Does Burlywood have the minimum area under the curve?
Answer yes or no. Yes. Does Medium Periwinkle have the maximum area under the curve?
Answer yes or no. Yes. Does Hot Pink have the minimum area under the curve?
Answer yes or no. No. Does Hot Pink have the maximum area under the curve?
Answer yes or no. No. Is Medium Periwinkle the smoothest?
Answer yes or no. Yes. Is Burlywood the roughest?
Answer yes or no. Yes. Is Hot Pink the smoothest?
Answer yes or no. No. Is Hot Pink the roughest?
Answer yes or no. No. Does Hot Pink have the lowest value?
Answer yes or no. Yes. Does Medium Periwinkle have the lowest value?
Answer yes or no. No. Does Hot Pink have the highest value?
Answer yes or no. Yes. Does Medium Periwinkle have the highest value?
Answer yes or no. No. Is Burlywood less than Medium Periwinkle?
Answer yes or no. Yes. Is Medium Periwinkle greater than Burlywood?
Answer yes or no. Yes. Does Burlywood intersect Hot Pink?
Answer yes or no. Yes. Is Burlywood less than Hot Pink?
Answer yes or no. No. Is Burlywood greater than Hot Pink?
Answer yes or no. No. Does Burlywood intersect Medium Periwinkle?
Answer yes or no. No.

==

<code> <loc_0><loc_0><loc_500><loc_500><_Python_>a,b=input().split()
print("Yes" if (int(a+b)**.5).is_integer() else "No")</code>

_WHAT YOU SHOULD DO:_
Show all lines from the entries that hold "roughest".

_YOUR RESPONSE:_
Answer yes or no. Yes. Is Burlywood the roughest?
Answer yes or no. No. Is Hot Pink the roughest?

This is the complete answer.